- [WHAT YOU ARE ASKED TO DO]: Lines that include "this" make up the answer; copy all of them from the data below.

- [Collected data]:
▽

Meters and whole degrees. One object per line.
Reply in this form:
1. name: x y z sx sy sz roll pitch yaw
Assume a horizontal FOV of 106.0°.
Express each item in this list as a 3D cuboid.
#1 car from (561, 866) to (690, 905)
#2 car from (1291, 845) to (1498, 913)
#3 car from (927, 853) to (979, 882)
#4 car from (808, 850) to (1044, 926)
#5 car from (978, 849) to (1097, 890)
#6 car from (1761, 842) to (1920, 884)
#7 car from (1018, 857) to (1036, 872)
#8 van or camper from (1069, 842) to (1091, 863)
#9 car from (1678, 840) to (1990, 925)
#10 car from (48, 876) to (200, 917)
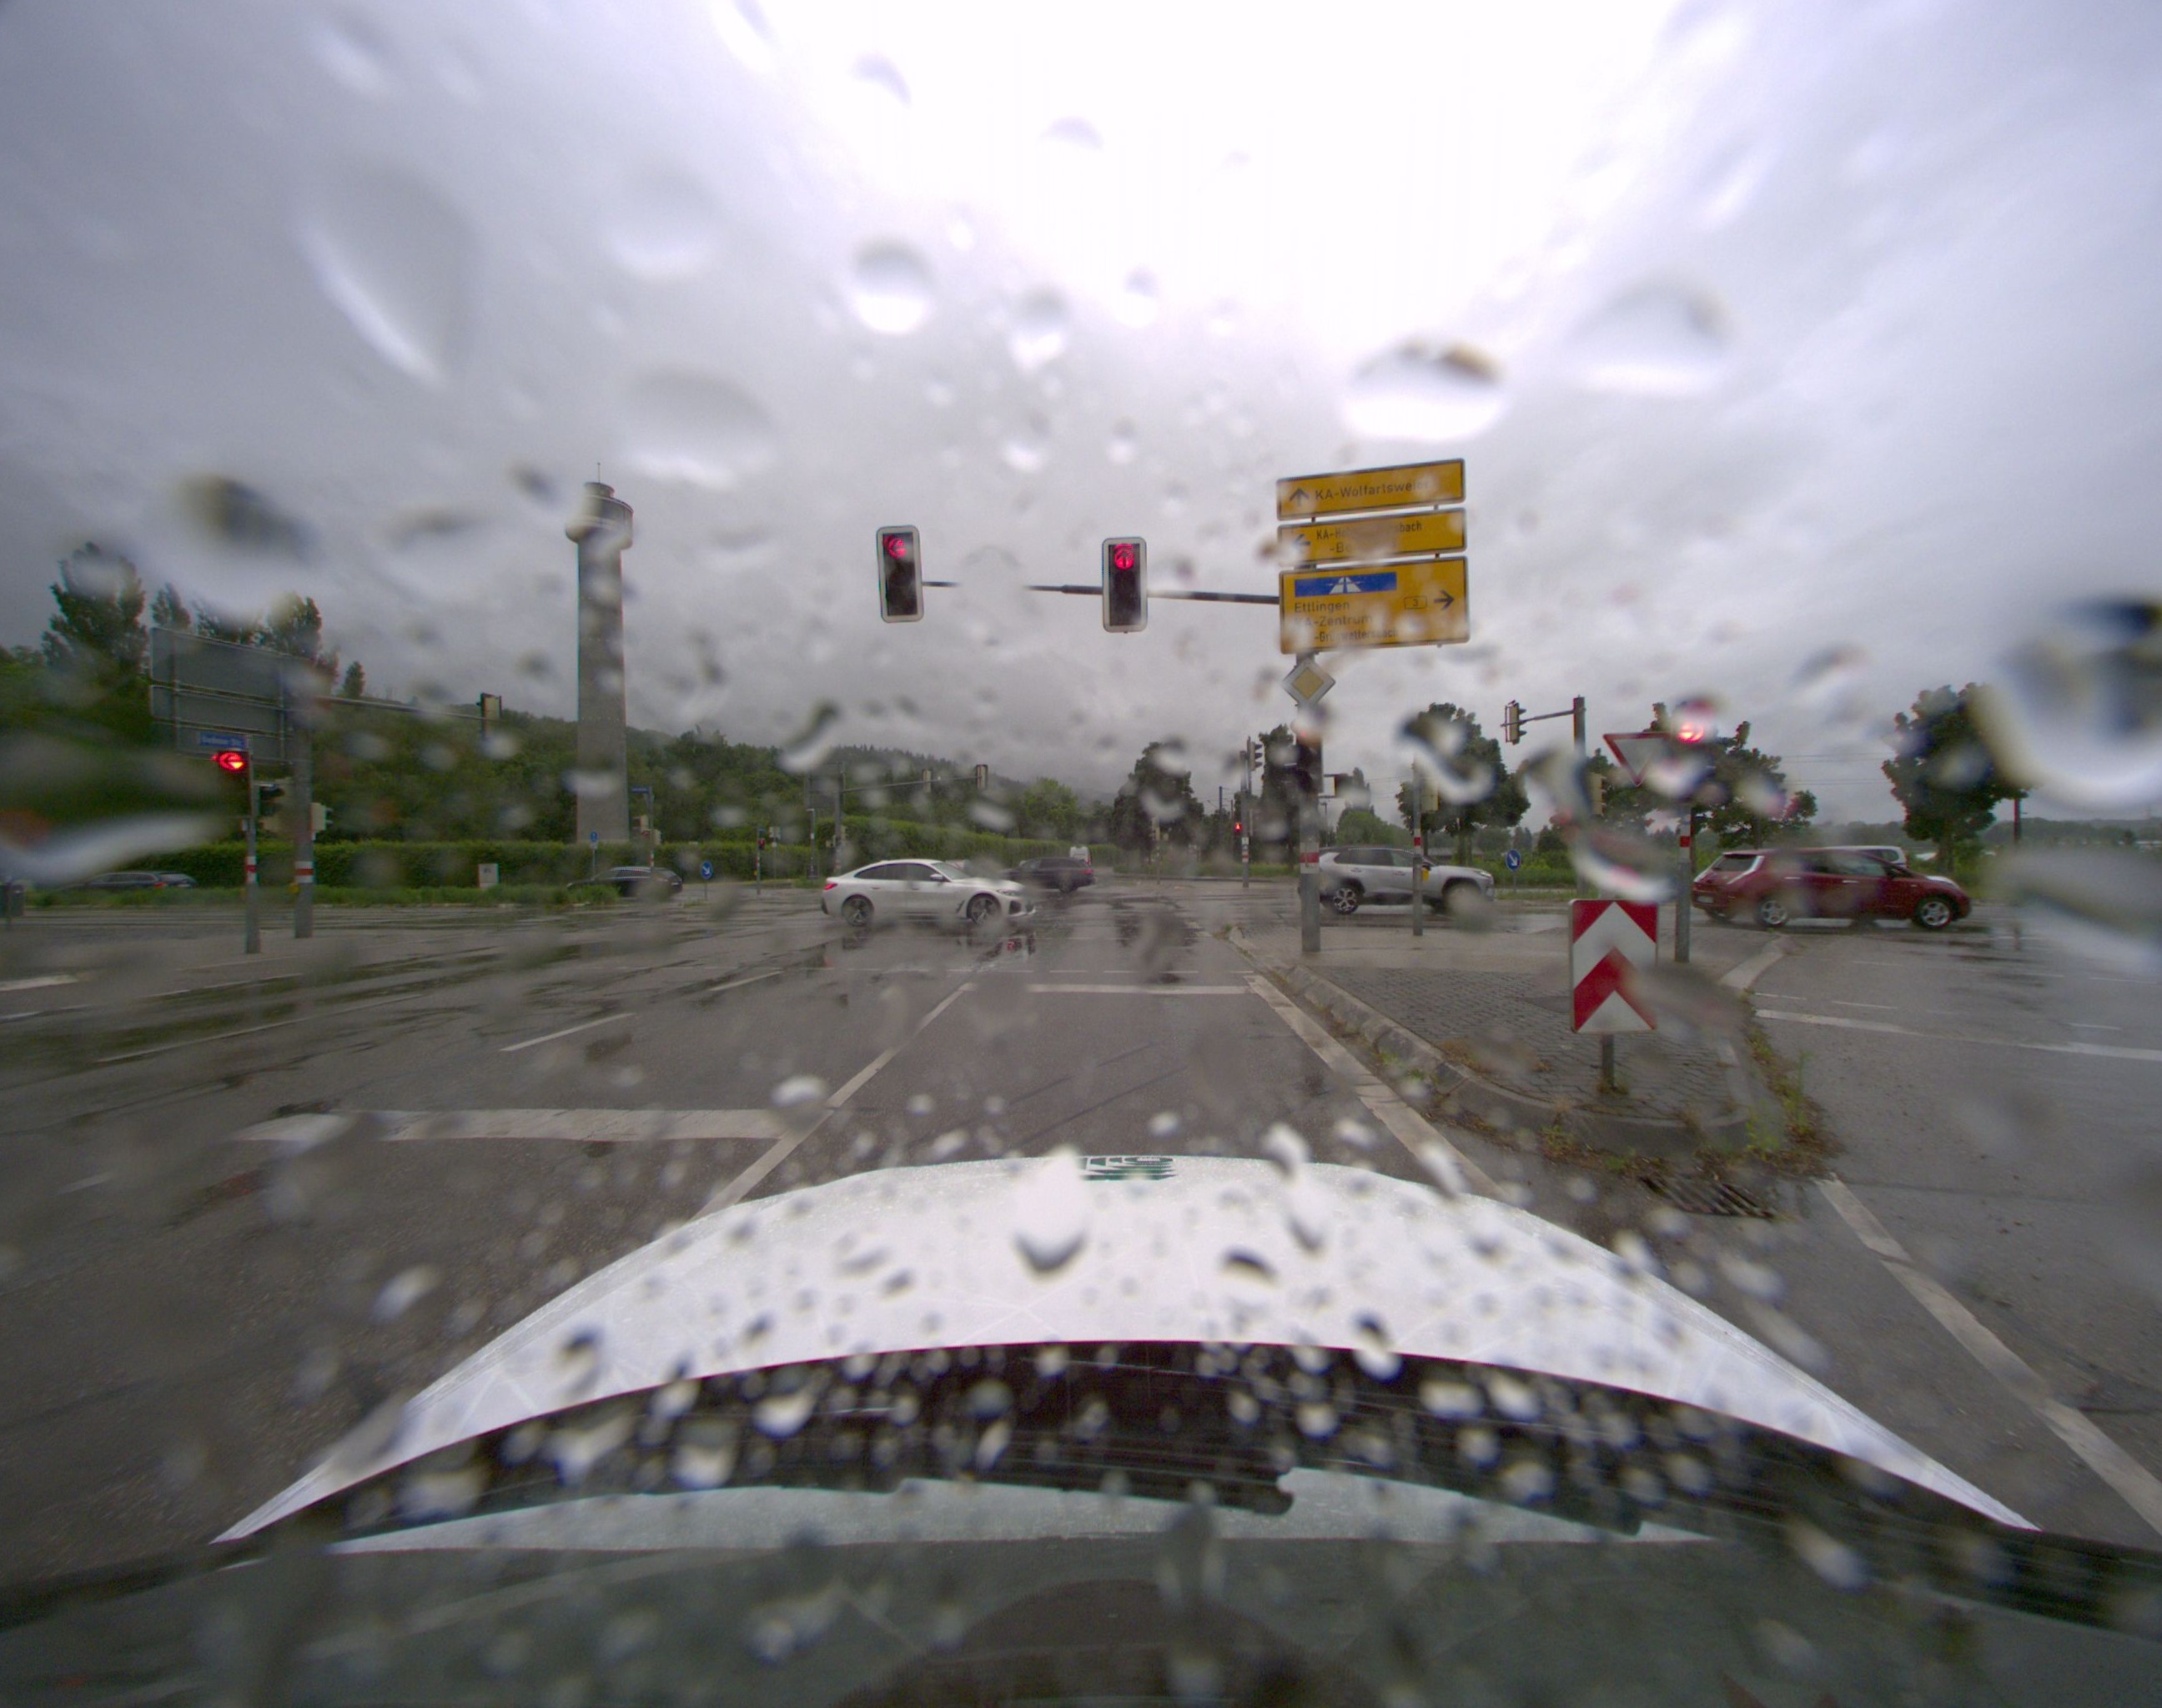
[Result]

△

- [YOUR RESPONSE]:
Reply in this form:
Express each item in this list as a 3D cuboid.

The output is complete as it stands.